Raltegravir + Lopinavir/Ritonavir or Emtricitabine/Tenofovir for HIV Treatment Naive Subjects

HIV Infections Clinical Trial

— HIV  

Official title:

A Pilot Study to Assess Virologic Suppression and Immune Recovery With Raltegravir and Lopinavir/Ritonavir and Raltegravir and Emtricitabine/Tenofovir in HIV-1 Infected Treatment-naïve Subjects

Clinical Trial Details — Status: Completed

Administrative data

• NCT number: NCT00654147
• Other study ID #: A009
• Status: Completed
• Phase: Phase 2
• First received: April 2, 2008
• Last updated: July 11, 2015
• Start date: April 2008
• Est. completion date: January 2012

Study information

• Verified date: July 2015
• Source: University of Miami
• Contact: n/a
• Is FDA regulated: No
• Health authority: United States: Institutional Review Board
• Study type: Interventional

Clinical Trial Summary

A prospective, randomized, open-label pilot study to assess virologic suppression and immunologic recovery associated with a two-drug antiretroviral regimen of Raltegravir and the protease inhibitor lopinavir/ritonavir (LPV/r) and a three drug regimen with Raltegravir and two nRTIs (emtricitabine/tenofovir) in HIV-1 infected treatment-naïve subjects.

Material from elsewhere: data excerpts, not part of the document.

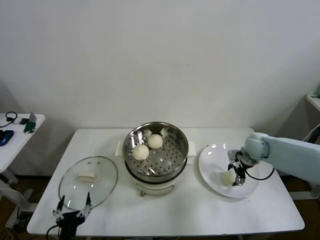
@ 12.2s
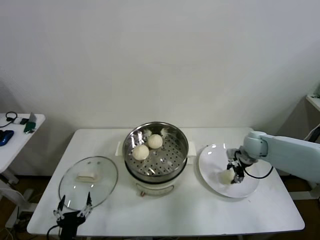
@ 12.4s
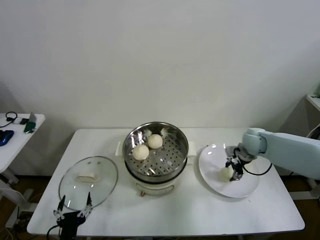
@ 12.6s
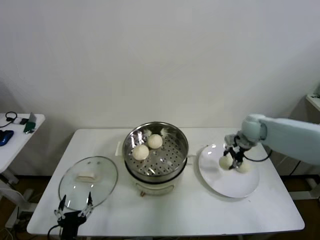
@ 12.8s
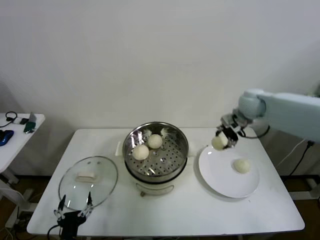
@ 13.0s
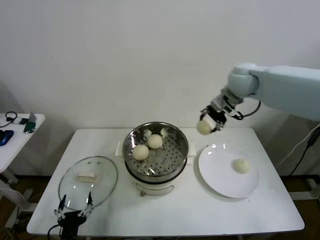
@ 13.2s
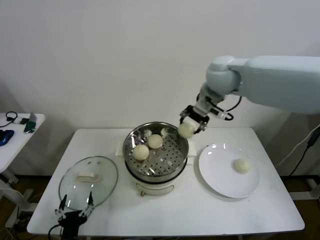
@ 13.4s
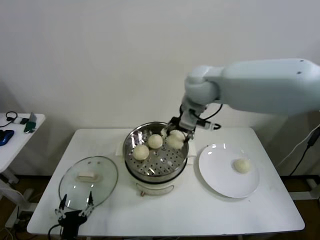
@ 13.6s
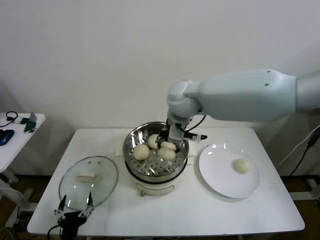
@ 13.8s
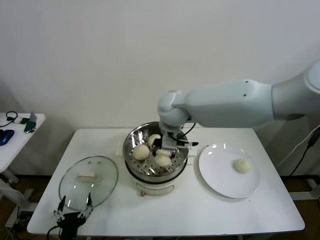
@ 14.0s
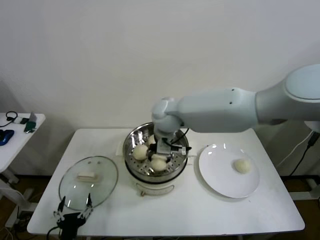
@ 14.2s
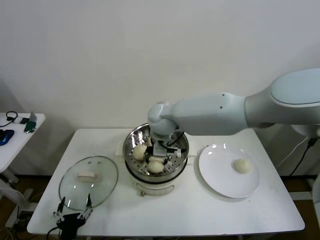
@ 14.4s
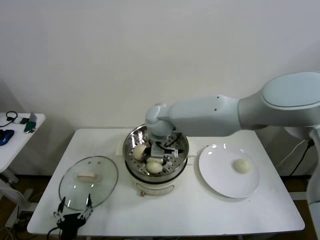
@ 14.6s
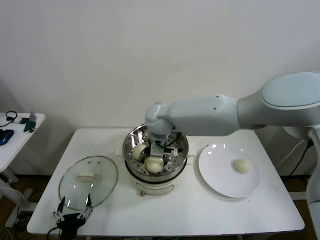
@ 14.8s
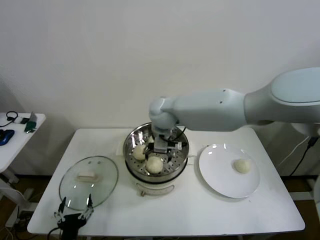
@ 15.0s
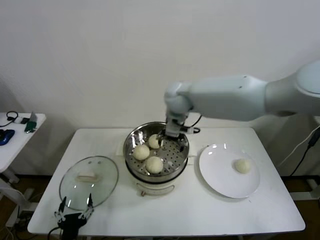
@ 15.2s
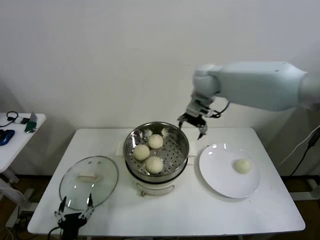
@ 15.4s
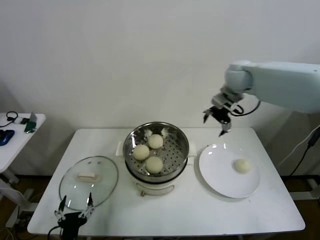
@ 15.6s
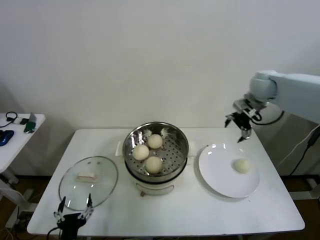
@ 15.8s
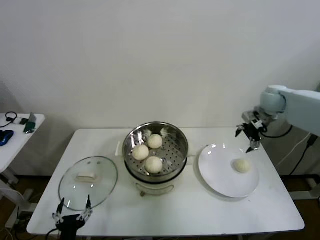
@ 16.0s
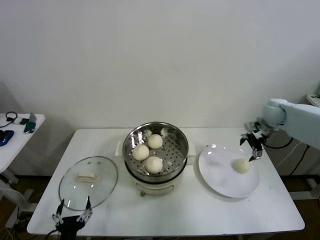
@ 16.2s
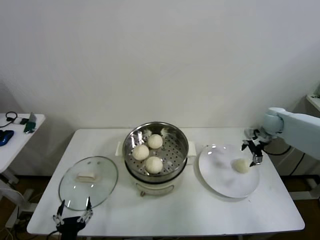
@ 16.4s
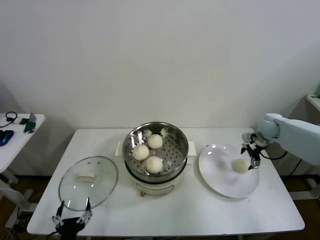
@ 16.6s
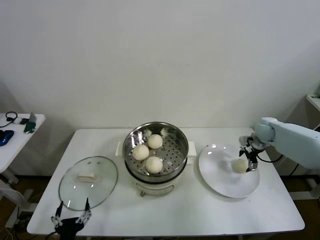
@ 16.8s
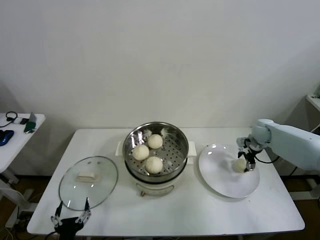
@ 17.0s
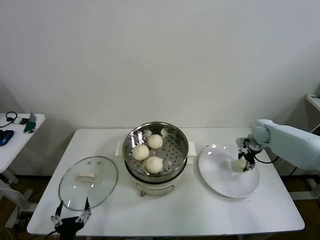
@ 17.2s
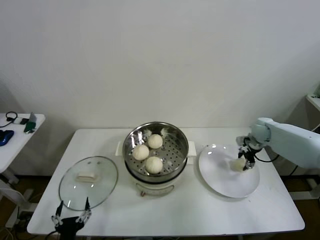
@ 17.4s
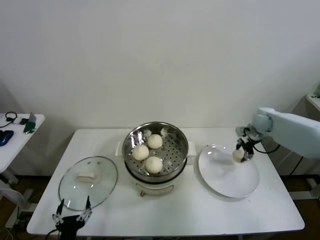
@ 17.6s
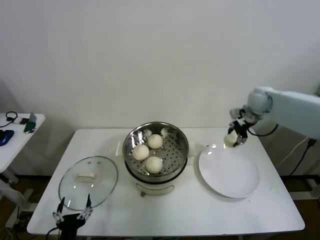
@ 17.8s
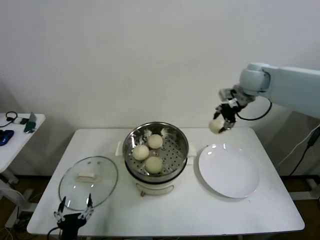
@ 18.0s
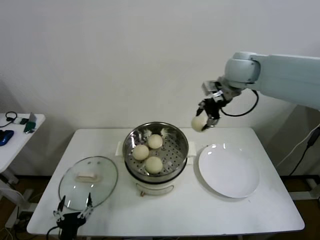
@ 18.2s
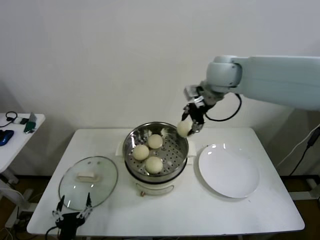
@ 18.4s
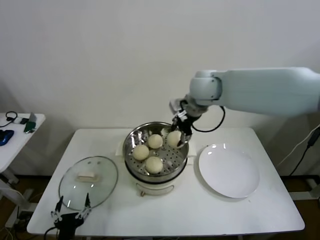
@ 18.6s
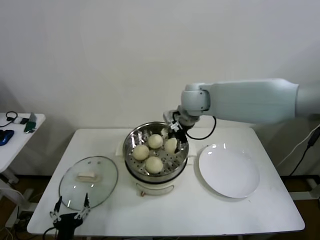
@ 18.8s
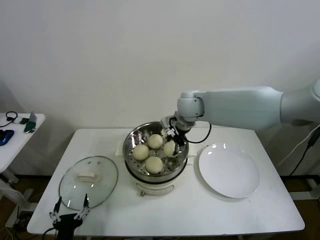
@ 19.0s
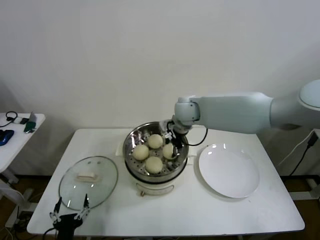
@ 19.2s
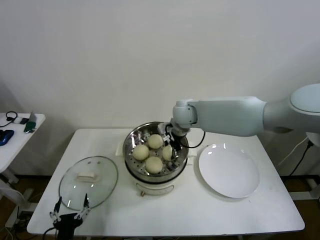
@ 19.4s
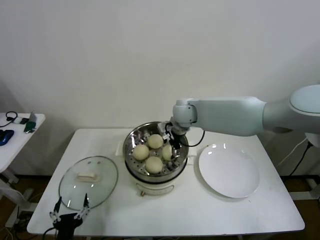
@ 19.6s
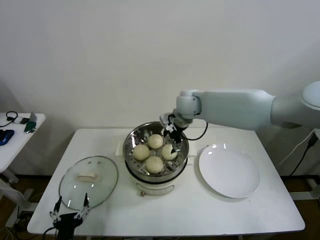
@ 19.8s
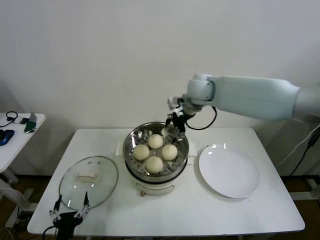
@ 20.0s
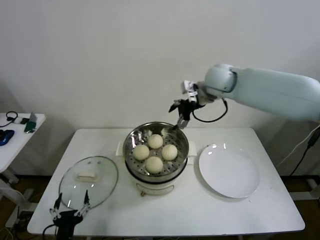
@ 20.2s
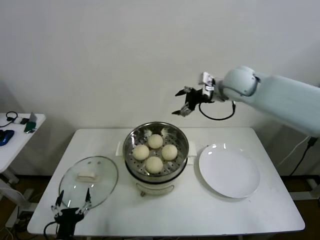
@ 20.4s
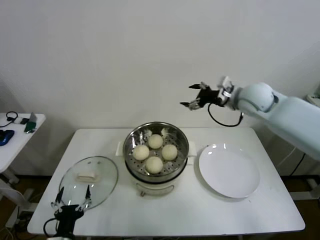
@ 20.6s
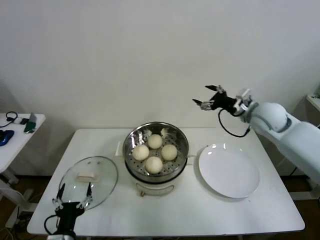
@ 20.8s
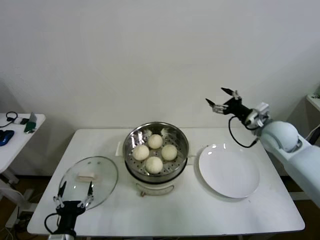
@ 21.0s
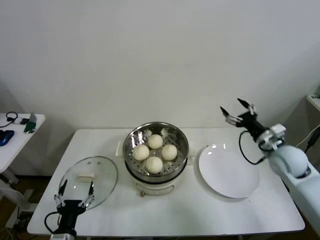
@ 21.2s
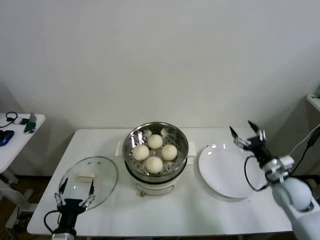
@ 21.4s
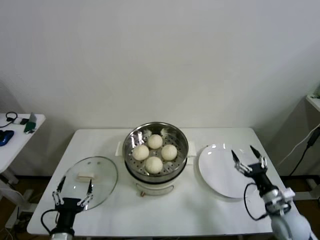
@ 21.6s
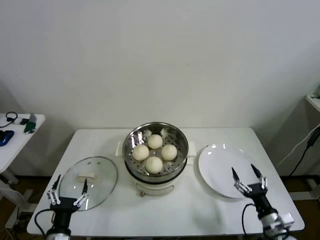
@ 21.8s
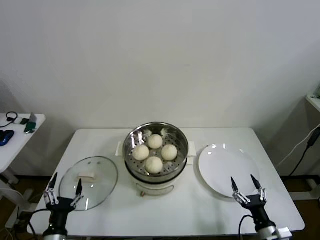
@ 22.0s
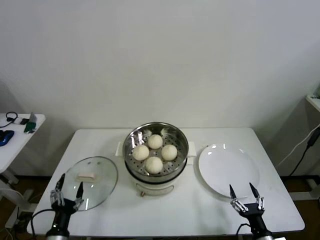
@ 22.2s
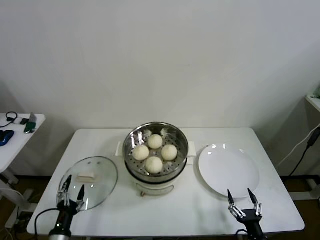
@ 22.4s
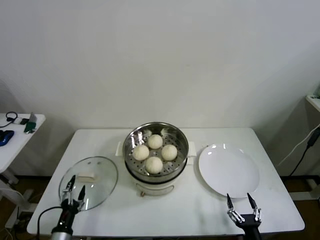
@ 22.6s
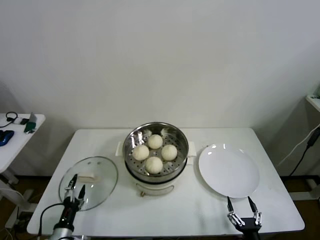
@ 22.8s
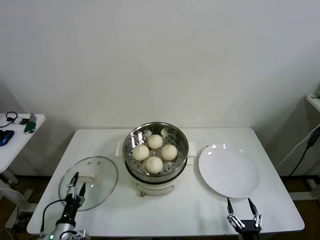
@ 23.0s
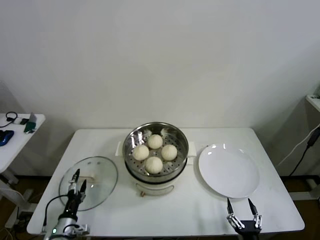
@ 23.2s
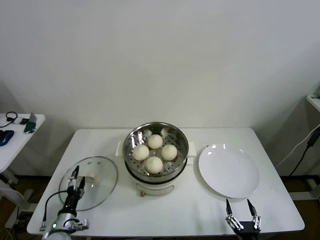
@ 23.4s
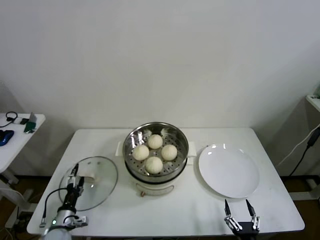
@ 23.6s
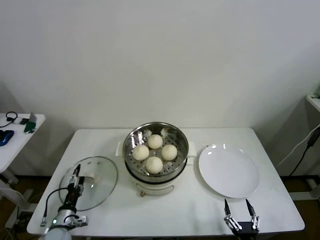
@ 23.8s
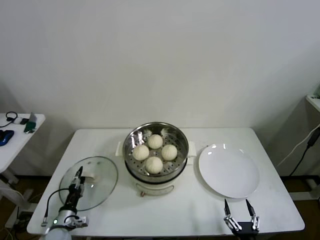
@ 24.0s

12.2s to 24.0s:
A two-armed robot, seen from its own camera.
Step, 12.6s to 14.8s: Place the baozi on the steamer with right gripper.
Step, 15.0s to 17.2s: Grasp the baozi in the plate with right gripper.
Step, 17.4s to 19.6s: Place the baozi on the steamer with right gripper.
12.2s to 13.6s: The right gripper shifts roughly 35 cm to the left and upward, and closes up.
13.6s to 15.2s: The right gripper travels downward and forward by some 5 cm, and opens its fingers.
15.2s to 16.6s: The right gripper travels to the right and downward by some 40 cm.
16.6s to 18.2s: The right gripper shifts approximately 30 cm upward and to the left, and closes up.
18.2s to 19.6s: The right gripper heads downward and to the left, covering roughly 20 cm, and opens.
19.6s to 21.0s: The right gripper moves to the right, roughly 25 cm.
21.0s to 22.6s: The right gripper goes approximately 40 cm backward and downward. Meanwhile the left gripper heads downward and to the left, covering approximately 10 cm.
22.6s to 24.0s: The left gripper moves forward and downward, about 10 cm, and closes up.

Immunology Substudy added to determine the kinetics of recovery of CD4 T cells and subpopulations (regulatory T cell [T regs], TH-17 and TH1) after treatment initiation with Raltegravir based regimens and their relationship with functional CD8 T cells and if Raltegravir containing therapies leads to decreases in markers of gut microbial translocation and of cellular and soluble markers of immune activation.

Description:

A009 is a prospective, randomized, open-label pilot study to assess virologic suppression and immune recovery rates associated with a two-drug potent antiretroviral regimen of raltegravir and the protease inhibitor lopinavir/ritonavir and a three-drug regimen with raltegravir and two nRTIs (emtricitabine/tenofovir) in treatment-naïve subjects.

HIV-1-infected subjects who are antiretroviral drug-naïve and have plasma HIV-1 RNA levels ≥5000 copies/ml obtained within 30 days prior to study entry will be randomized 1:1 to Raltegravir 400 mg BID + LPV 400 mg/RTV 100 mg BID (Arm A) or Raltegravir 400 mg BID + FTC 200 mg/TDF 300 mg QD (Arm B).

Subjects will have measurements of HIV-1 RNA and CD4+ and CD8+ T-cell counts at pre-entry and entry. The average of these measurements will be used to establish their baseline values. Following entry, subjects will have plasma HIV-1 RNA samples drawn at days 2, 4, 8 and at weeks 2, 4, 8, 16, 24, 32, 40 and 48 and at virologic failure. CD38 expression on CD4+/CD8+ cells and CD38/HLA-DR activation antigen on CD4+ and CD8+ cells and subsets T-cell percentage will be done at entry, day 8 and weeks 4, 8, 24 and at virologic failure by advanced flow cytometry.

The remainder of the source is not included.